European markets pared gains and even registered further losses on Thursday
As Thursday trading got underway in Europe the pound found itself once again on the backfoot. Sterling had posted the largest daily gain in relation to the US dollar since June during the previous session, following the announcement, by the Bank of England, of an emergency bond-buying programme aimed at rescuing a rapidly sinking UK bond market. The economic policies announced by the Government at the end of last week appear to have been broadly frowned upon by the markets, with concerns over the future performance of the British public finances, which many see as likely to be hampered by a massive fiscal stimulus programme, launched alongside tax cuts, at a time of heightened inflation. Such concerns remain at the forefront of investors’ thinking and today’s currency losses will increase the pressure on the BoE to substantially hike interest rates and halt sterling’s freefall.
Ricardo Evangelista – Senior Analyst, ActivTrades
European markets pared gains and even registered further losses on Thursday, following a global trend, as a risk-off trading stance remains well in place in investors’ minds.
Market sentiment stays significantly weighed down by rising uncertainty, brought to the markets by higher borrowing costs, elevated price pressure and the prospect of an economic downturn.
Beyond that, though, something even more concerning is currently taking place; investors seem to be increasingly losing confidence in the ability of Central Banks to control the situation.

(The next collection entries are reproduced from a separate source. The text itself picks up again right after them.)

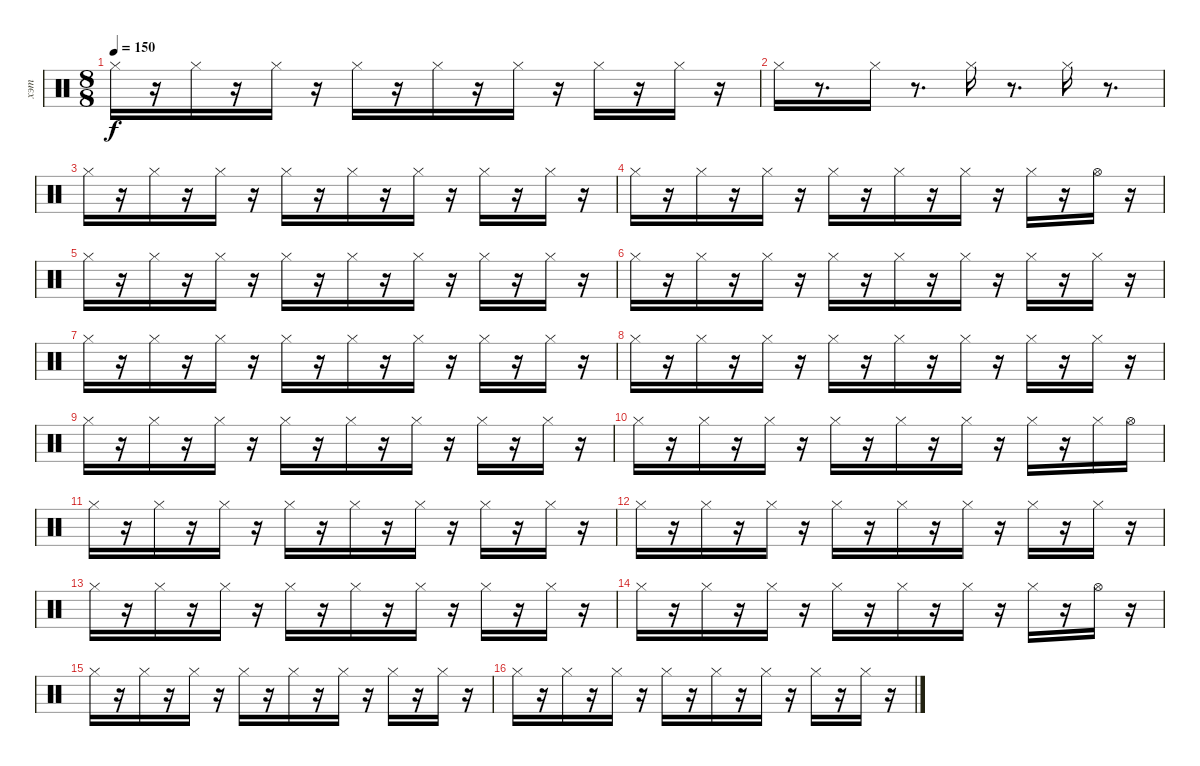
\track ("хэт" "хэт") {instrument percussion}
\staff {score}
\articulation defaults
\ts (8 8)
\tempo 150
\clef neutral
\ks c "Hi-Hat (closed)".16{dy f}
r.16 "Hi-Hat (closed)".16 r.16 "Hi-Hat (closed)".16 r.16 "Hi-Hat (closed)".16 r.16 "Hi-Hat (closed)".16 r.16 "Hi-Hat (closed)".16 r.16 "Hi-Hat (closed)".16 r.16 "Hi-Hat (closed)".16 r.16 |
"Hi-Hat (closed)".16 r.8{d} "Hi-Hat (closed)".16 r.8{d} "Hi-Hat (closed)".16 r.8{d} "Hi-Hat (closed)".16 r.8{d} |
"Hi-Hat (closed)".16 r.16 "Hi-Hat (closed)".16 r.16 "Hi-Hat (closed)".16 r.16 "Hi-Hat (closed)".16 r.16 "Hi-Hat (closed)".16 r.16 "Hi-Hat (closed)".16 r.16 "Hi-Hat (closed)".16 r.16 "Hi-Hat (closed)".16 r.16 |
"Hi-Hat (closed)".16 r.16 "Hi-Hat (closed)".16 r.16 "Hi-Hat (closed)".16 r.16 "Hi-Hat (closed)".16 r.16 "Hi-Hat (closed)".16 r.16 "Hi-Hat (closed)".16 r.16 "Hi-Hat (closed)".16 r.16 "Hi-Hat (open)".16 r.16 |
"Hi-Hat (closed)".16 r.16 "Hi-Hat (closed)".16 r.16 "Hi-Hat (closed)".16 r.16 "Hi-Hat (closed)".16 r.16 "Hi-Hat (closed)".16 r.16 "Hi-Hat (closed)".16 r.16 "Hi-Hat (closed)".16 r.16 "Hi-Hat (closed)".16 r.16 |
"Hi-Hat (closed)".16 r.16 "Hi-Hat (closed)".16 r.16 "Hi-Hat (closed)".16 r.16 "Hi-Hat (closed)".16 r.16 "Hi-Hat (closed)".16 r.16 "Hi-Hat (closed)".16 r.16 "Hi-Hat (closed)".16 r.16 "Hi-Hat (closed)".16 r.16 |
"Hi-Hat (closed)".16 r.16 "Hi-Hat (closed)".16 r.16 "Hi-Hat (closed)".16 r.16 "Hi-Hat (closed)".16 r.16 "Hi-Hat (closed)".16 r.16 "Hi-Hat (closed)".16 r.16 "Hi-Hat (closed)".16 r.16 "Hi-Hat (closed)".16 r.16 |
"Hi-Hat (closed)".16 r.16 "Hi-Hat (closed)".16 r.16 "Hi-Hat (closed)".16 r.16 "Hi-Hat (closed)".16 r.16 "Hi-Hat (closed)".16 r.16 "Hi-Hat (closed)".16 r.16 "Hi-Hat (closed)".16 r.16 "Hi-Hat (closed)".16 r.16 |
"Hi-Hat (closed)".16 r.16 "Hi-Hat (closed)".16 r.16 "Hi-Hat (closed)".16 r.16 "Hi-Hat (closed)".16 r.16 "Hi-Hat (closed)".16 r.16 "Hi-Hat (closed)".16 r.16 "Hi-Hat (closed)".16 r.16 "Hi-Hat (closed)".16 r.16 |
"Hi-Hat (closed)".16 r.16 "Hi-Hat (closed)".16 r.16 "Hi-Hat (closed)".16 r.16 "Hi-Hat (closed)".16 r.16 "Hi-Hat (closed)".16 r.16 "Hi-Hat (closed)".16 r.16 "Hi-Hat (closed)".16 r.16 "Hi-Hat (closed)".16 "Hi-Hat (open)".16 |
"Hi-Hat (closed)".16 r.16 "Hi-Hat (closed)".16 r.16 "Hi-Hat (closed)".16 r.16 "Hi-Hat (closed)".16 r.16 "Hi-Hat (closed)".16 r.16 "Hi-Hat (closed)".16 r.16 "Hi-Hat (closed)".16 r.16 "Hi-Hat (closed)".16 r.16 |
"Hi-Hat (closed)".16 r.16 "Hi-Hat (closed)".16 r.16 "Hi-Hat (closed)".16 r.16 "Hi-Hat (closed)".16 r.16 "Hi-Hat (closed)".16 r.16 "Hi-Hat (closed)".16 r.16 "Hi-Hat (closed)".16 r.16 "Hi-Hat (closed)".16 r.16 |
"Hi-Hat (closed)".16 r.16 "Hi-Hat (closed)".16 r.16 "Hi-Hat (closed)".16 r.16 "Hi-Hat (closed)".16 r.16 "Hi-Hat (closed)".16 r.16 "Hi-Hat (closed)".16 r.16 "Hi-Hat (closed)".16 r.16 "Hi-Hat (closed)".16 r.16 |
"Hi-Hat (closed)".16 r.16 "Hi-Hat (closed)".16 r.16 "Hi-Hat (closed)".16 r.16 "Hi-Hat (closed)".16 r.16 "Hi-Hat (closed)".16 r.16 "Hi-Hat (closed)".16 r.16 "Hi-Hat (closed)".16 r.16 "Hi-Hat (open)".16 r.16 |
"Hi-Hat (closed)".16 r.16 "Hi-Hat (closed)".16 r.16 "Hi-Hat (closed)".16 r.16 "Hi-Hat (closed)".16 r.16 "Hi-Hat (closed)".16 r.16 "Hi-Hat (closed)".16 r.16 "Hi-Hat (closed)".16 r.16 "Hi-Hat (closed)".16 r.16 |
"Hi-Hat (closed)".16 r.16 "Hi-Hat (closed)".16 r.16 "Hi-Hat (closed)".16 r.16 "Hi-Hat (closed)".16 r.16 "Hi-Hat (closed)".16 r.16 "Hi-Hat (closed)".16 r.16 "Hi-Hat (closed)".16 r.16 "Hi-Hat (closed)".16 r.16

This is especially true in the UK where bonds, stocks as well as the GBP currency are all nosediving despite the latest attempt from the BoE to stabilize the situation and keep cash in the financial markets with its new bond buying intervention.
This situation is really threatening to many asset classes and further lows before year-end remains as the most likely scenario for stocks unless investors witness a strong positive change in the fundamentals.
Today’s trading session will be focused on a batch of speeches from ECB officials, the GDP and initial jobless claims data from the US in the afternoon as well as the highly awaited PMI number from China due later in the evening.